Custom instrumentation
For business metrics:
import { metrics } from "@opentelemetry/api";
const meter = metrics.getMeter("hera-app");
const loginCounter = meter.createCounter("user_logins", { description: "Login attempts" });
loginCounter.add(1, { outcome: "success", method: "password" });Counters, histograms, gauges, all supported.
Backend choices
Honeycomb
Great for traces. Excellent UX. ~$100/mo at scale.
Datadog
Best all-in-one but expensive. ~$$$.
Grafana Cloud
Free tier. Hosted Prometheus + Loki + Tempo. ~$30/mo for moderate.
Self-hosted
Tempo (traces) + Prometheus (metrics) + Loki (logs) + Grafana (viz). Cost: just hosting.
For Olympus deployment, self-hosted is feasible if you have ops capacity.
Sampling strategies
Always sample errors
- name: errors
type: status_code
status_code: { status_codes: [ERROR] }Keep all error traces. Drop normal ones.
Sample by service
- name: critical-services
type: string_attribute
string_attribute:
key: service.name
values: [kratos, hydra]Keep 100% of Kratos / Hydra; sample others.
Probabilistic
- name: rate
type: probabilistic
probabilistic: { sampling_percentage: 10 }10% of normal traffic.
Performance
Collector overhead: ~5% CPU at high volume.
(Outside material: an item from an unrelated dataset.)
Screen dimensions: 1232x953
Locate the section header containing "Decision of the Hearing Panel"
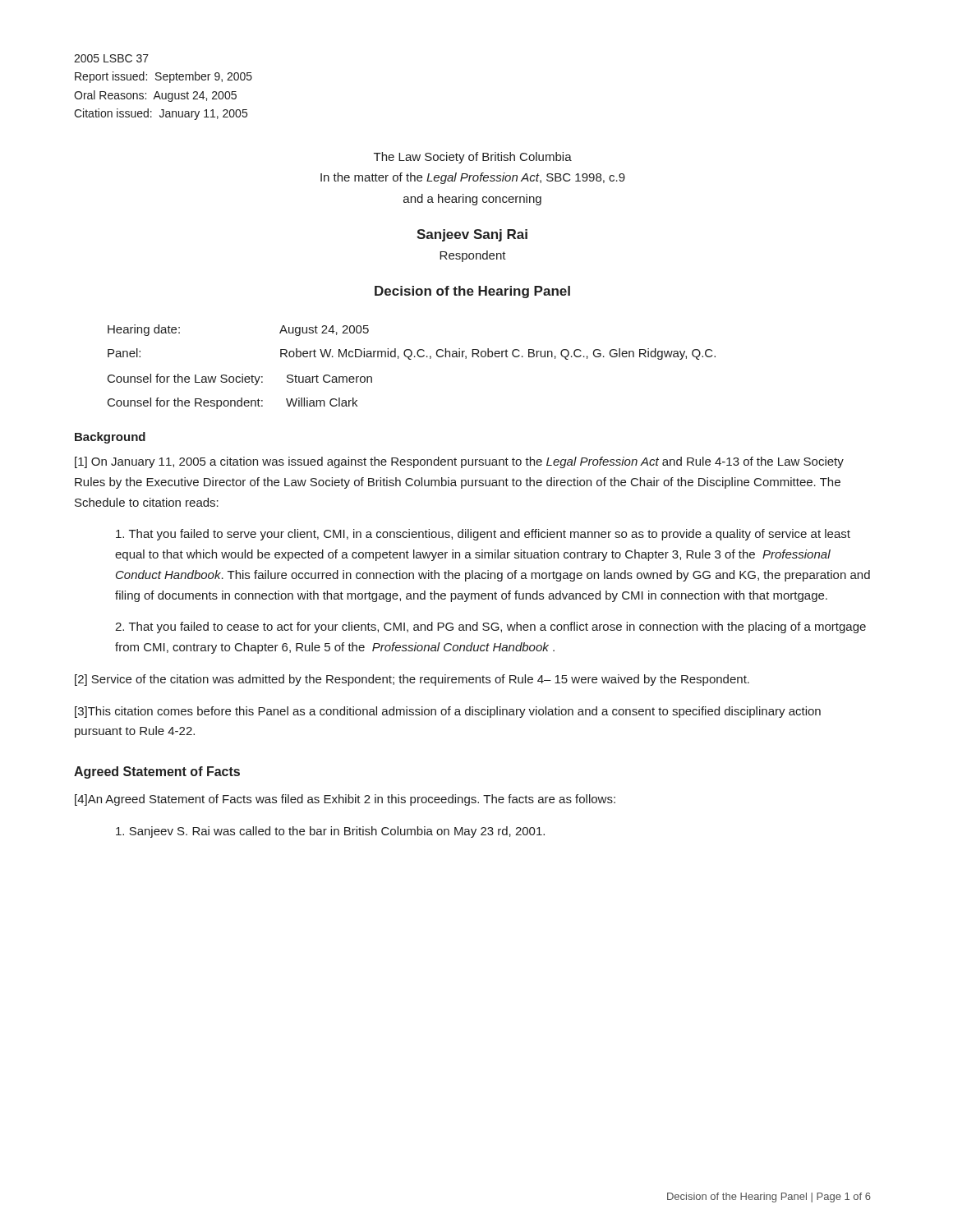[472, 291]

If overloaded: scale collector horizontally (multiple instances, load-balanced).
Logs structured
For Hera / Athena logs to ship as structured:
import { logs, severitySeverity } from "@opentelemetry/api-logs";
const logger = logs.getLogger("hera-app");
logger.emit({
severityNumber: SeverityNumber.INFO,
body: "User logged in",
attributes: { user_id: "...", method: "password" },
});Loki / Datadog indexes attributes for fast filtering.
Drop noisy spans
Don't trace every health check:
processors:
filter/health:
error_mode: ignore
traces:
span:
- 'name == "/health/ready"'
- 'name == "/healthz"'Reduces volume.
Real-time alerts
Some backends alert on patterns:
# Datadog Monitor
alert: avg(last_5m):rate(error_rate) by service > 0.05OTLP traces become alerts.
Test config
otel-collector --config=otel.yaml --dry-runValidate before reload.